►
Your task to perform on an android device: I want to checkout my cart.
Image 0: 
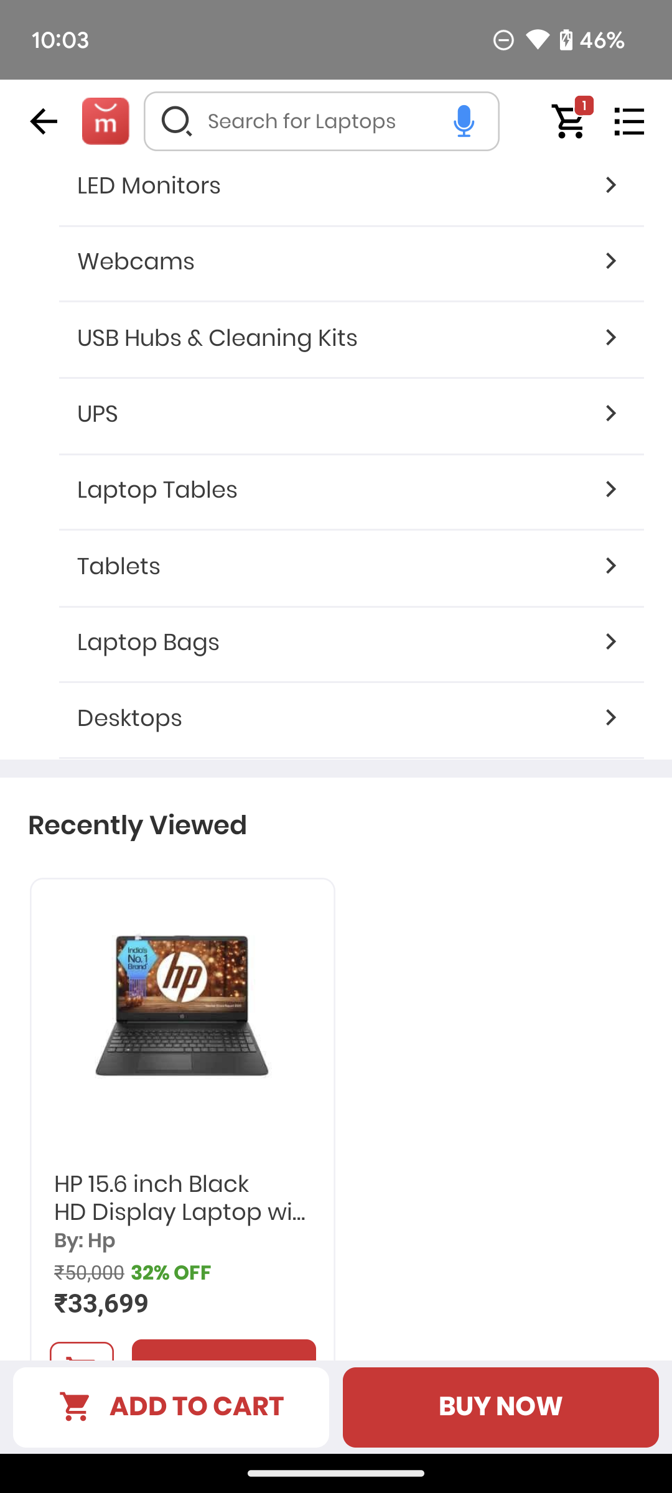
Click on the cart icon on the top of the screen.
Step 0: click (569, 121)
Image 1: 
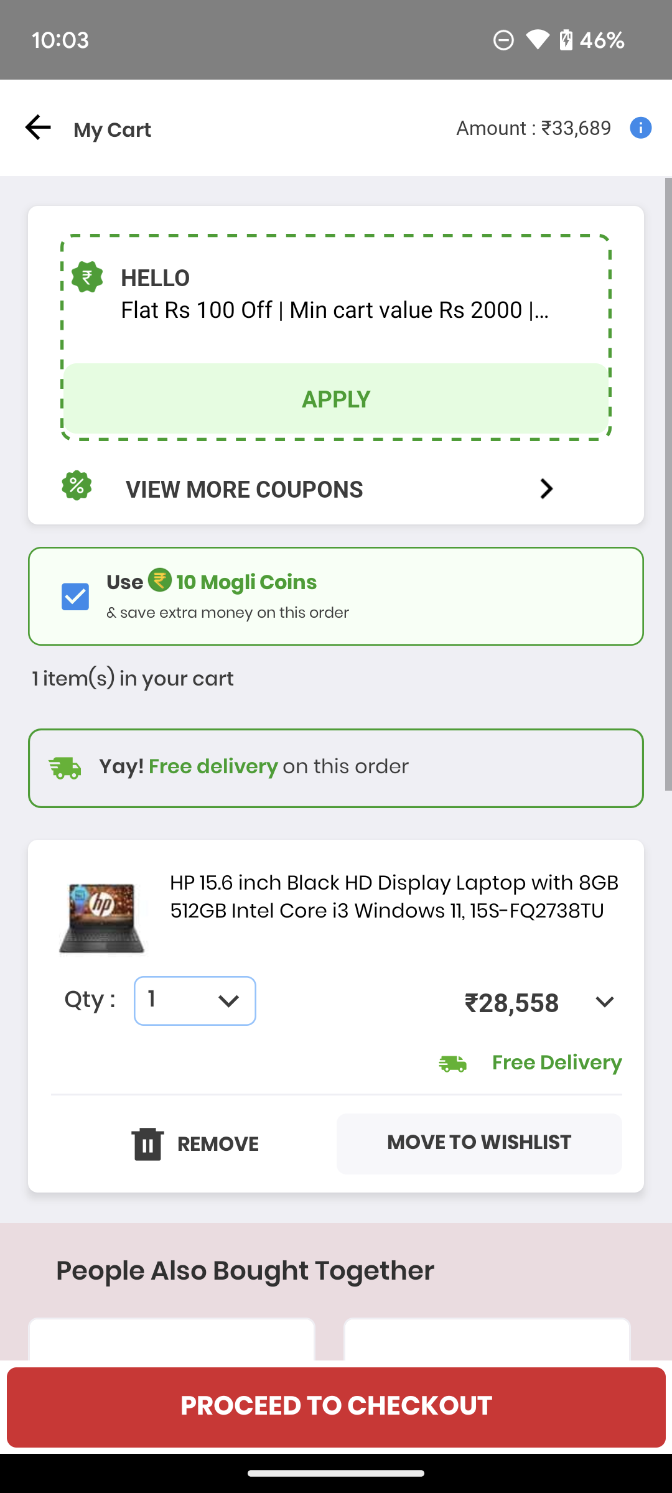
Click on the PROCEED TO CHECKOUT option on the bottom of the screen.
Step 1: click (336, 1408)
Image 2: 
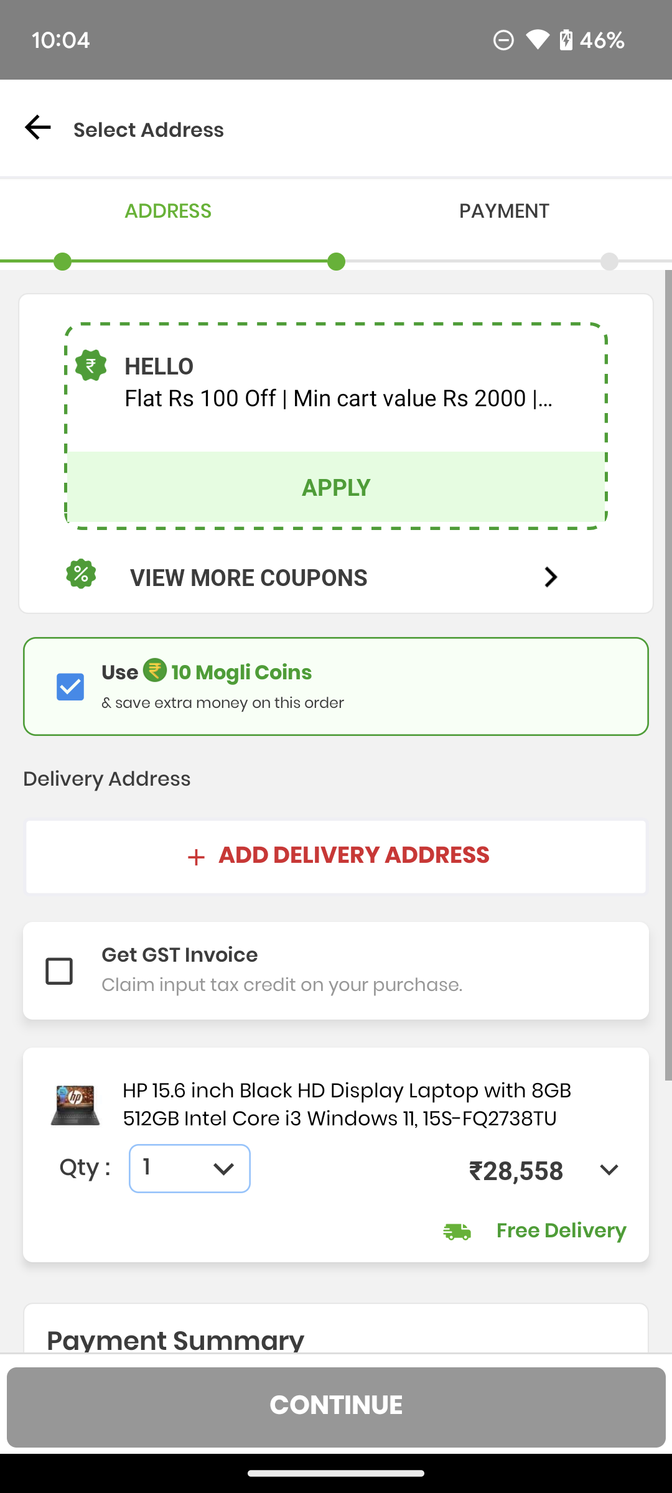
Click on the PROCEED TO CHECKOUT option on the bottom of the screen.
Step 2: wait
◄
►
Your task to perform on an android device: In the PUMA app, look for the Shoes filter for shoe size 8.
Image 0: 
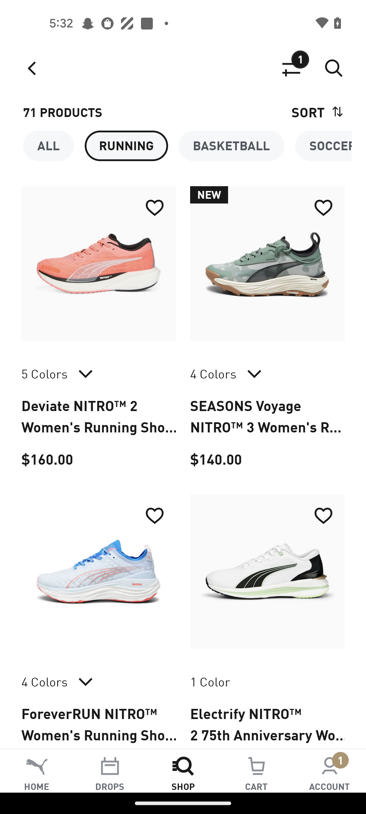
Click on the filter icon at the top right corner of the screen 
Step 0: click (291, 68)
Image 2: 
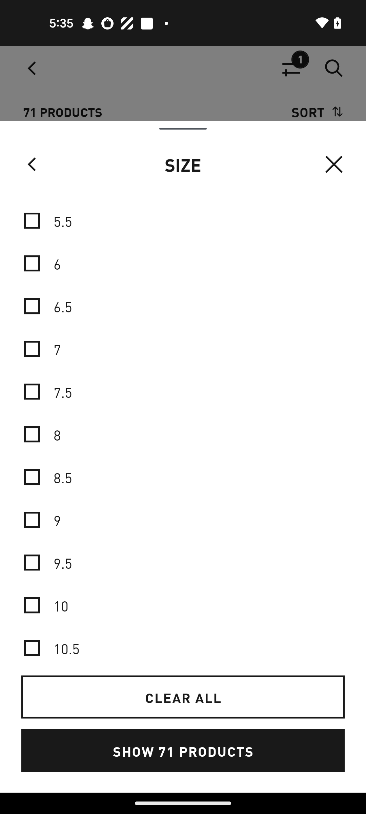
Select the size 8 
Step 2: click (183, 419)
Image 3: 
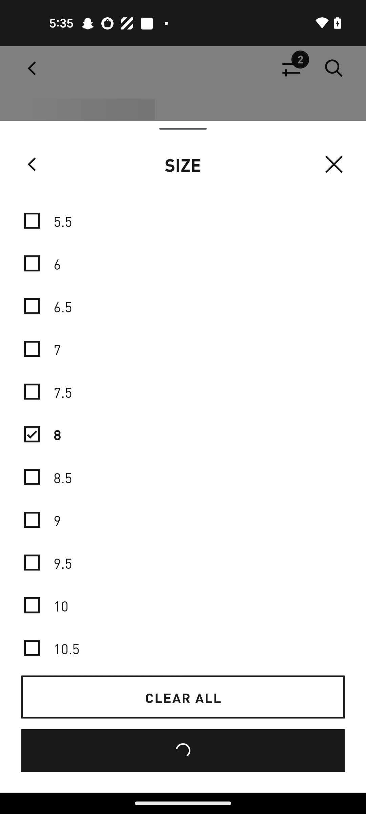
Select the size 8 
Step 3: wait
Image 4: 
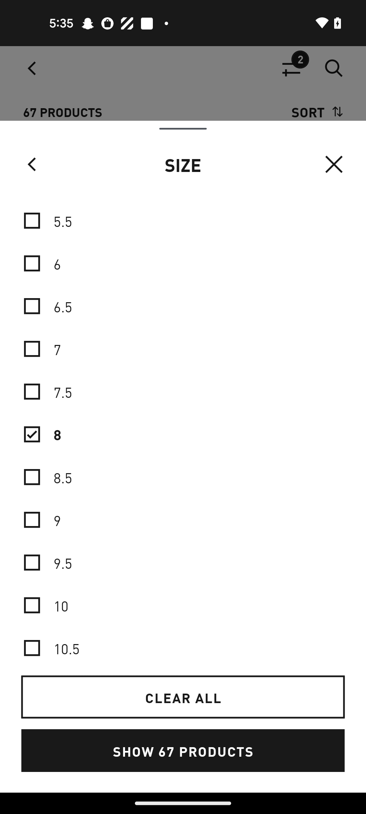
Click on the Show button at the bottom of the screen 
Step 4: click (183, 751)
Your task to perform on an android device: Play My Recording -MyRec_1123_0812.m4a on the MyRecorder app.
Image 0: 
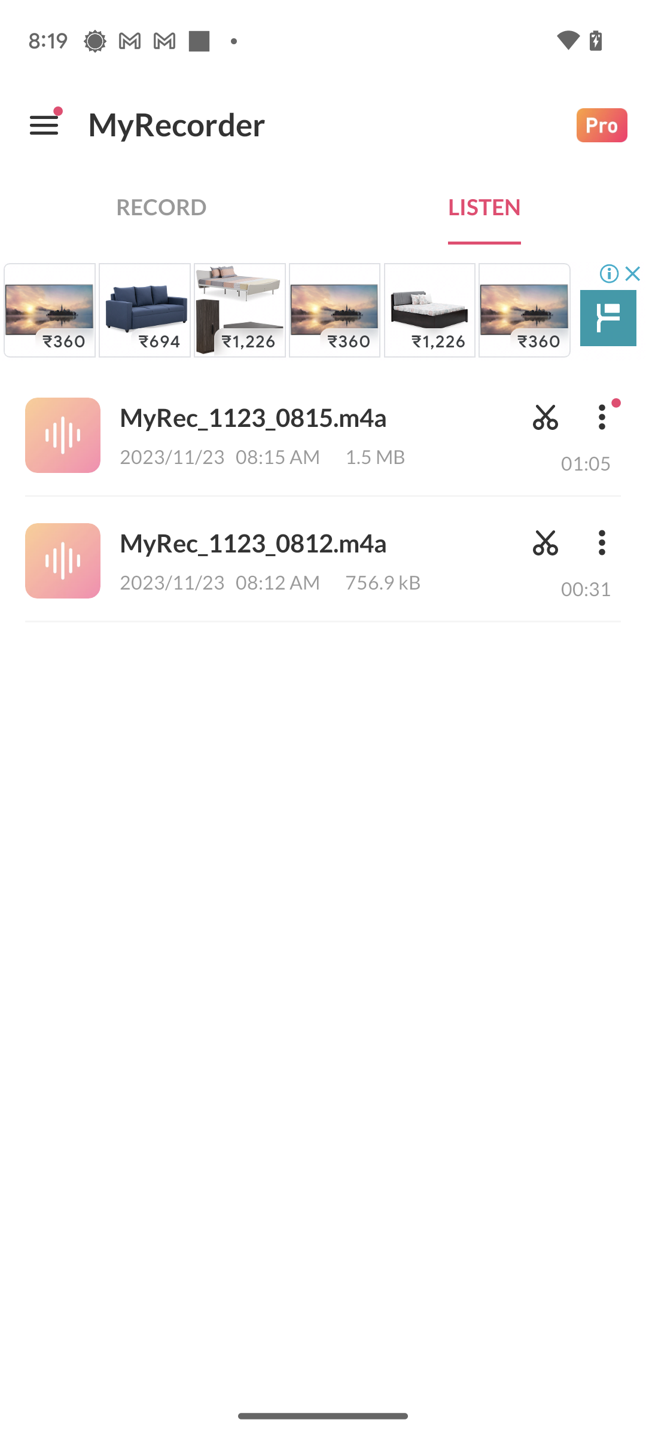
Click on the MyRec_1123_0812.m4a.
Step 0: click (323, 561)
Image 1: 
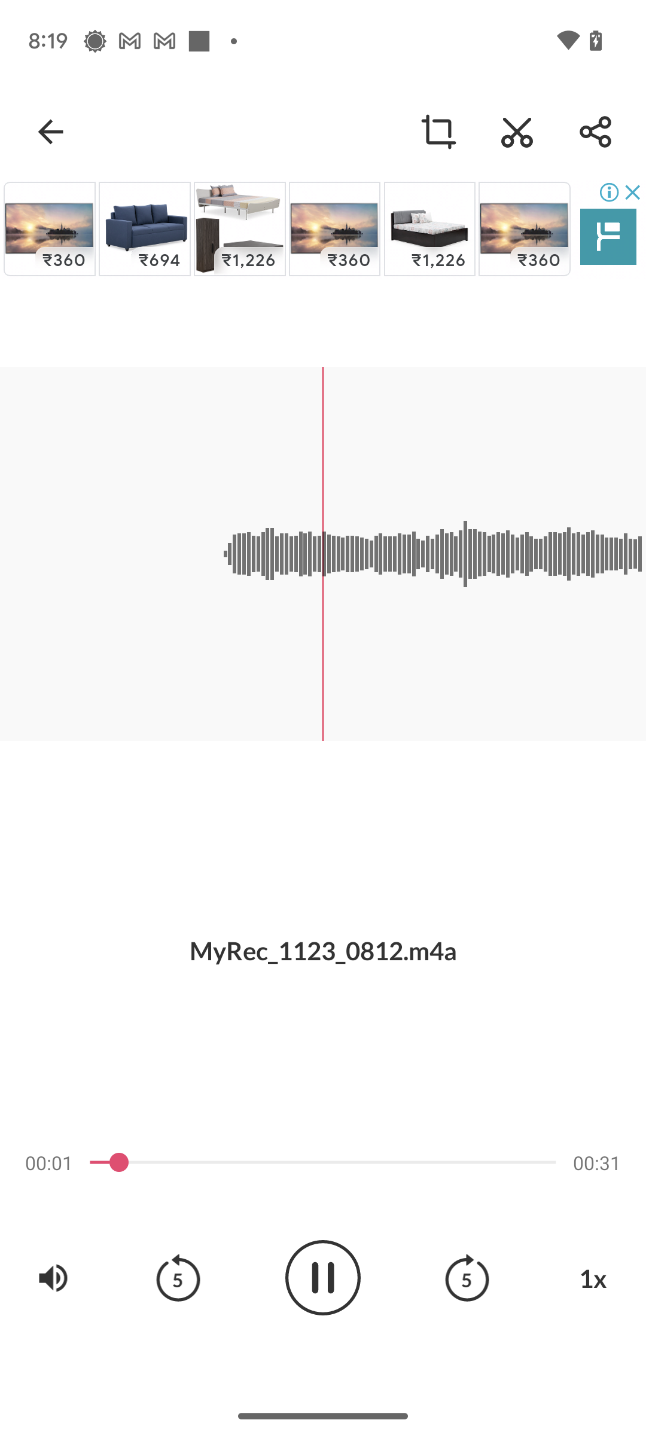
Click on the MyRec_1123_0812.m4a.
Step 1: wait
◄
» **WORK REQUEST**:
Across the whole listing above, determine how many lines hold the word "filter". Only that number is wanted.

» **RESPONSE TO THE TASK**:
2